Japon Kültür İşleri Kurumu’nun(1972 yılı) raporuna göre, çeşitli dini kurum ve örgütlere üye
bulunan Japonların toplam sayısı, ülke nüfusunun iki katına yaklaşıyor. Bu sonuç her ergin
Japonun en az 2-3 dine üye olduğunu gösteriyor.

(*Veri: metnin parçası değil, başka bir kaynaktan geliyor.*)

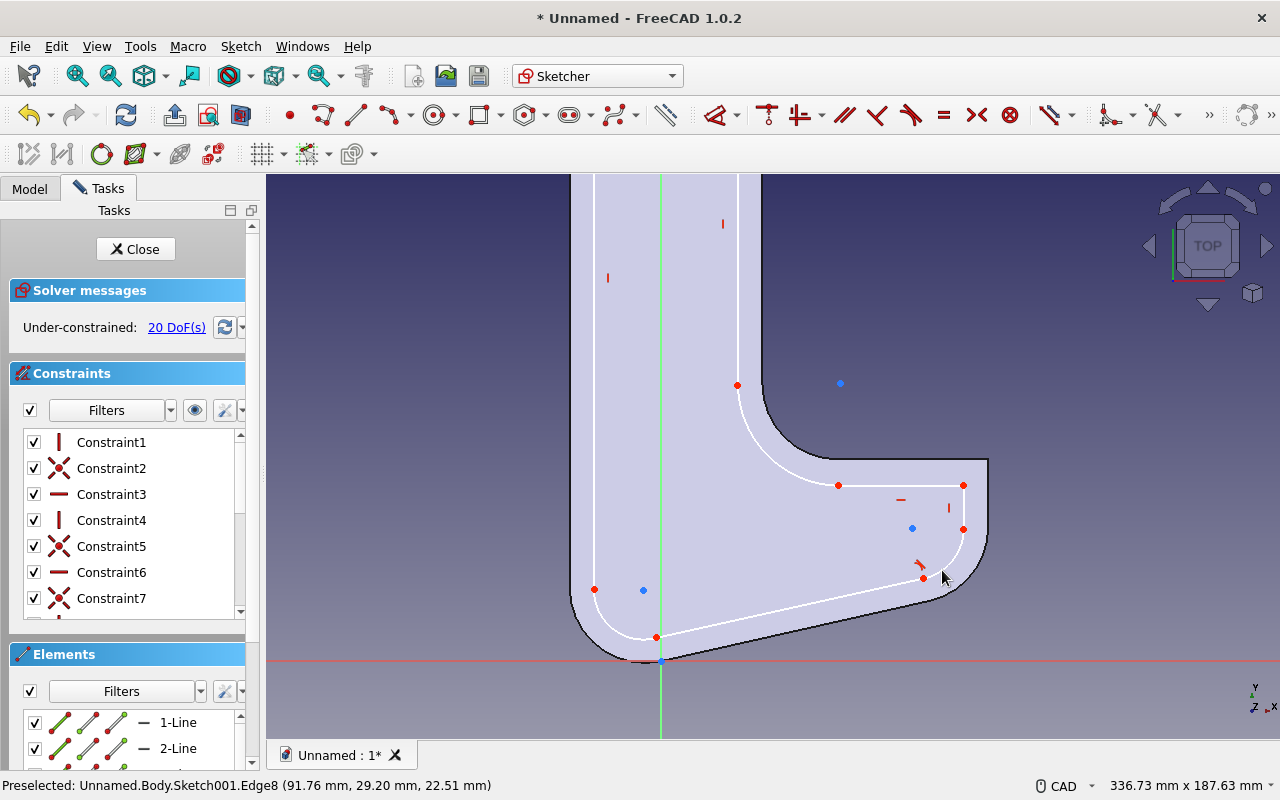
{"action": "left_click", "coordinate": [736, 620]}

Bu yüzyılın başında Prens Hirobumi ‘nin sözü: “ Hangi dinden olursa olsun bir japon un asıl
yolu(mesleği, mezhebi) Japonluktur.”
Budizm: Budizm 'in kurucusu Buda (Guatama, Gotama) ( MÖ.563 - 483 ) Kuzey Hindistan
'da Lumbini koruluğunda doğmuş bir filozoftur. Buda “aydınlanmış” anlamına gelir. Budizm '
de mabetlere “Vihara” denir.

Şintoizm: Dünyanın en eski dinleri arasında yer alan Şintoizm M.Ö.VII yy kadar eskiye
dayanır. Japonların Milli Dini karekterini sergilemektedir. Japoncada karşılığı Kami-Nomiçi
'dir ( Tanrıların Yolu).. Şintoizm 'in geçirdiği safhalar üç devrede incelenir. Bunlar ;
1 - Mitolojik dönemlerde başlayan ve Budizm 'in Japonya 'ya girişine kadar devam eden
dönem(MS 552)
2 - Budizm, Şintoizm mücadeşlesinin kızıştığı 9.yy kadar süren dönem.

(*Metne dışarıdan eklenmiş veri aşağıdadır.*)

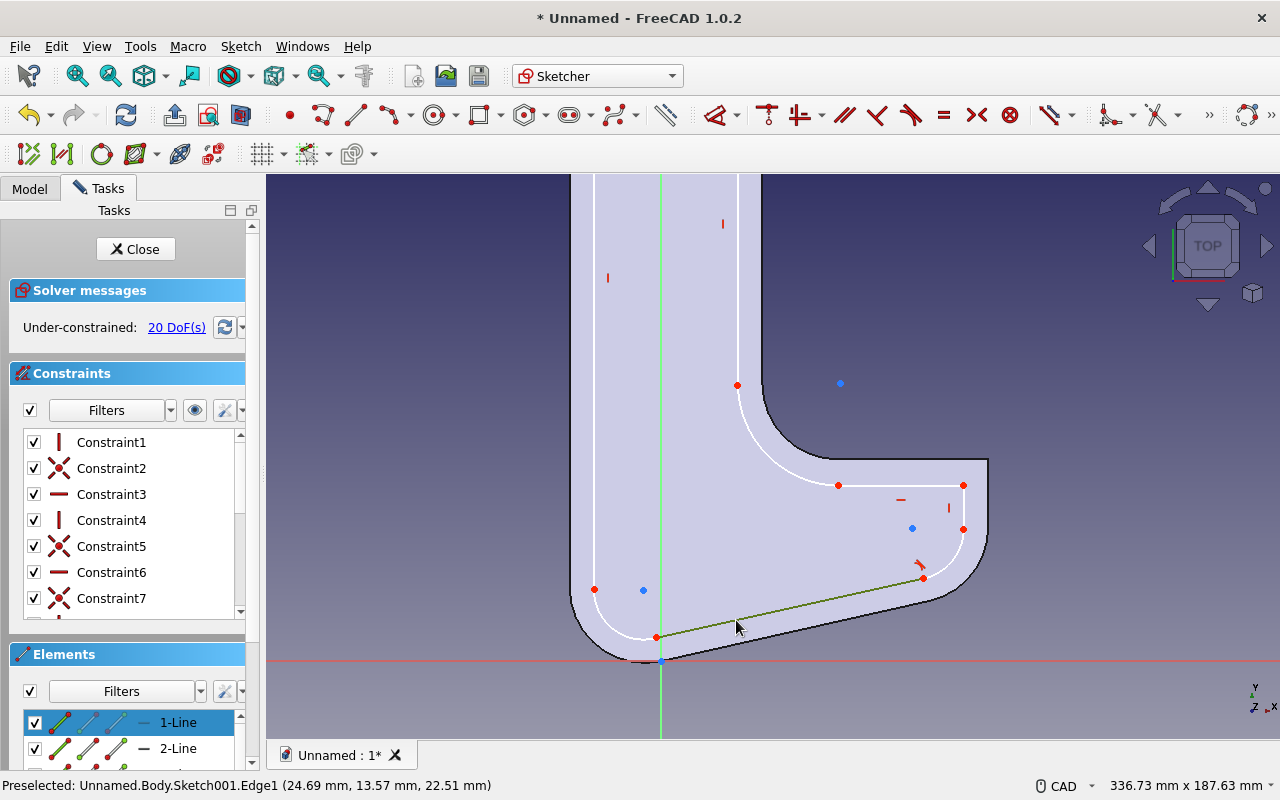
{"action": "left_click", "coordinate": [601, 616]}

3 - Şintoizm 'le Budizm 'in birbirinden ayrıldığı,1192 'den 1868 reformuna kadar devam eden
dönem.
Şintoizm 'in 2 temel özelliği kısaca;
-Milli bir dindir
-Tabiata tapmaya önem verir.

Taoizm: Kurucusu Lao-Tzu (604 BC)’dur. İsminin kelime anlamı "yaşlı-genç" olan Lao-Tzu,
"Yaşlı Filozof" olarak da bilinir.

Feng Shui: Çince rüzgar ve su anlamına gelen Feng Shui, insanlar ve çevreleri arasındaki
ilişkiyi konu alan bir Doğu felsefesidir. Geçmişi 3000 yıldan çok daha eskilere dayanan bu
"mekan düzenleme sanatı", doğa ile insan arasında bir denge ve uyum yaratmayı hedefliyor.
Hem doğaya hem de kendilerine yabancılaşan metropol insanlarına, yeniden dinginliği,
huzuru ve rahatı anımsatıyor, yaşatıyor.